March 12, 2014—Requiring Oregon health centers to give the state all of their 340B savings on drugs for Medicaid beneficiaries, whose care is mainly managed and paid for by the state’s new Medicaid coordinated care organizations, “may not actually be effective and could adversely impact patient care,” a new study concludes. [ms-protect-content id=”2799″]
The study was commissioned by the Oregon Primary Care Association, which represents the state’s 32 federally qualified health centers. It evaluates the potential impact of requiring the FQHCs and their contract pharmacies to bill the state’s 16 CCOs for the actual acquisition cost of 340B drugs. It also describes how the FQHCs use their 340B savings to stretch resources, serve more patients, and improve services.
In 2012, the federal Centers for Medicare and Medicaid Services gave Oregon a Medicaid policy waiver and a $1.9 billion grant to see if it could improve care at lower cost by coordinating patient care and focusing on disease management. Under the five-year demonstration project, Oregon created 16 regional CCOs, which are basically accountable care organizations by another name. The CCOs comprise their regions’ counties, hospitals, FQHCs, other providers, and most of their health plans. Each CCO receives a capitated payment from the state to cover patients’ acute and behavioral care costs. Many Oregon Medicaid acute and behavioral health services previously had been delivered by separate managed care plans under separate contracts. The OPCA study notes that the CCOs now cover approximately 90 percent of the state’s Medicaid beneficiaries.
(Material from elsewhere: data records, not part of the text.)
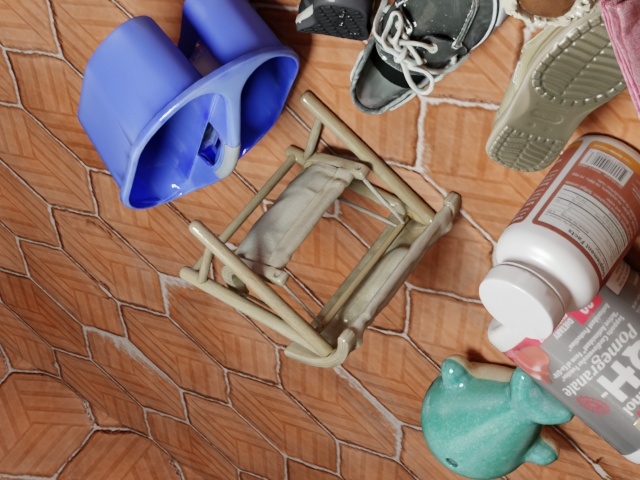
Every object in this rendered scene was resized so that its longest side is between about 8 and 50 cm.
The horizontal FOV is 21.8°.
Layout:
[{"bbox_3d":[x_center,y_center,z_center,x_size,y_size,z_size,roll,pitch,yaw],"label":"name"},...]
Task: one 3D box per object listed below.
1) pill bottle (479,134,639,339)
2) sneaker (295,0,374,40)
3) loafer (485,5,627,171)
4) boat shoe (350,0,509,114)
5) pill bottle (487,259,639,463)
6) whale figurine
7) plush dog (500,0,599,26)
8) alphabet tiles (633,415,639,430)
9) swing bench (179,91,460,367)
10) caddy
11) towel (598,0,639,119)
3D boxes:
[{"bbox_3d":[0.266,-0.002,1.783,0.121,0.216,0.121,31,154,17],"label":"pill bottle"},{"bbox_3d":[0.027,-0.281,1.824,0.084,0.097,0.234,8,175,-8],"label":"sneaker"},{"bbox_3d":[0.244,-0.174,1.676,0.102,0.092,0.268,17,144,-17],"label":"loafer"},{"bbox_3d":[0.105,-0.220,1.772,0.113,0.105,0.306,42,155,-7],"label":"boat shoe"},{"bbox_3d":[0.367,0.149,1.943,0.318,0.176,0.176,40,155,-2],"label":"pill bottle"},{"bbox_3d":[0.242,0.253,2.323,0.216,0.141,0.272,44,154,-8],"label":"whale figurine"},{"bbox_3d":[0.237,-0.329,1.350,0.210,0.262,0.225,-100,-6,-58],"label":"plush dog"},{"bbox_3d":[0.474,0.170,1.834,0.198,0.237,0.009,44,-162,-11],"label":"alphabet tiles"},{"bbox_3d":[0.000,0.000,2.103,0.254,0.253,0.165,36,155,8],"label":"swing bench"},{"bbox_3d":[-0.156,-0.160,2.036,0.179,0.241,0.341,54,158,12],"label":"caddy"},{"bbox_3d":[0.407,-0.161,1.318,0.329,0.037,0.237,-18,131,16],"label":"towel"}]

For Medicaid fee for service, current Oregon Health Authority rules require 340B providers or their contracted agents to bill Medicaid at actual acquisition cost for 340B-discounted drugs provided to Medicaid patients. The study notes that OHA “has published provider notices in support of applying the FFS reimbursement rate to MCOs/CCOs.” Providers, it says, “have disputed the legality of this policy and have raised several questions about the practicality of this requirement and its impact on entity operations.”
Requiring the state’s FQHCs to hand over all of their 340B savings to the new CCOs, “or other additional regulations and restrictions on drug purchasing and/or billing, could lead to reduced access to pharmacies and services for Oregonians,” the study states. Such policies also might undermine 340B contract pharmacy arrangements between FQHCs and retail pharmacy partners, it adds.
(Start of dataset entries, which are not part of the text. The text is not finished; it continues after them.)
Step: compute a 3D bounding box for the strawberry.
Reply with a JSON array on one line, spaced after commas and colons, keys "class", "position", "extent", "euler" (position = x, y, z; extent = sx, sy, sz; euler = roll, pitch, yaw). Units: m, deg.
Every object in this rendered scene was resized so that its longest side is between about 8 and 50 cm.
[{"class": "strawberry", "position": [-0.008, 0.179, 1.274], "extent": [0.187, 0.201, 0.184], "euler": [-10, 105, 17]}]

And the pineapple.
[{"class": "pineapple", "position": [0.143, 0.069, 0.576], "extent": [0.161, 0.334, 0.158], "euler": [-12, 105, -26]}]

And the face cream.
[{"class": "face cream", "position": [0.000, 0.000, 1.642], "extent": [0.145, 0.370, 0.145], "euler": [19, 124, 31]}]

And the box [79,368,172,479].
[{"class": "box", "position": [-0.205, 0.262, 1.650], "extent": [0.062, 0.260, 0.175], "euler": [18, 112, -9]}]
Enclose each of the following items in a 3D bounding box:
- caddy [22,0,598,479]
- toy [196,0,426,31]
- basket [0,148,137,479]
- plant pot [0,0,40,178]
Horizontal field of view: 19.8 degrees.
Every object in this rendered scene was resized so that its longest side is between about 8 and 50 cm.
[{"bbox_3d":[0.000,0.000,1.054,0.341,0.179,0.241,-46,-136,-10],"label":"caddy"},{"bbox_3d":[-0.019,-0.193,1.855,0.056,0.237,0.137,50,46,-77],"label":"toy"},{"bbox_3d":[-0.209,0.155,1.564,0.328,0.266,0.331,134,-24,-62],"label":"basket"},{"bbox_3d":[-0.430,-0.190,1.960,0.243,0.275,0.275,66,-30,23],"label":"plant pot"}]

The study found that Oregon’s FQHCs use their 340B savings to carry out the drug discount program’s federal intent in a variety of ways. “All are designed to increase access and provide additional services for the vulnerable and underserved,” the study stated. “The type and extent of assistance is dictated largely by the needs of the FQHC’s community.”
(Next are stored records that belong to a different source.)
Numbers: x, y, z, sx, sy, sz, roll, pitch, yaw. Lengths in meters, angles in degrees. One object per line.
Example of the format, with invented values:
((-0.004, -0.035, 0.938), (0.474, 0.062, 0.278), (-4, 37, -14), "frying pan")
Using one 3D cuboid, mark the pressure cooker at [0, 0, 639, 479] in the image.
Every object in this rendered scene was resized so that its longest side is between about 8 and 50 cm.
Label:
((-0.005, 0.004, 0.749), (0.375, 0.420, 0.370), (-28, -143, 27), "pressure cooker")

Examples cited in the study include:
- Financial assistance to patients unable to afford their prescriptions
- Clinical pharmacy services, such as disease management programs or medication therapy management
- Student residencies and/or internships to provide additional pharmacy services to patients
- Outreach programs
- Additional health care services, such as dental or behavioral health services
- Registration of patients for manufacturer patient assistance programs
“FQHCs rely on the 340B funding to offset the costs of providing these and other important (yet unreimbursed) services,” the study stated. “And as safety-net community providers, FQHCs use the funding to benefit all patients of the community, indirectly passing savings to the state as a whole.”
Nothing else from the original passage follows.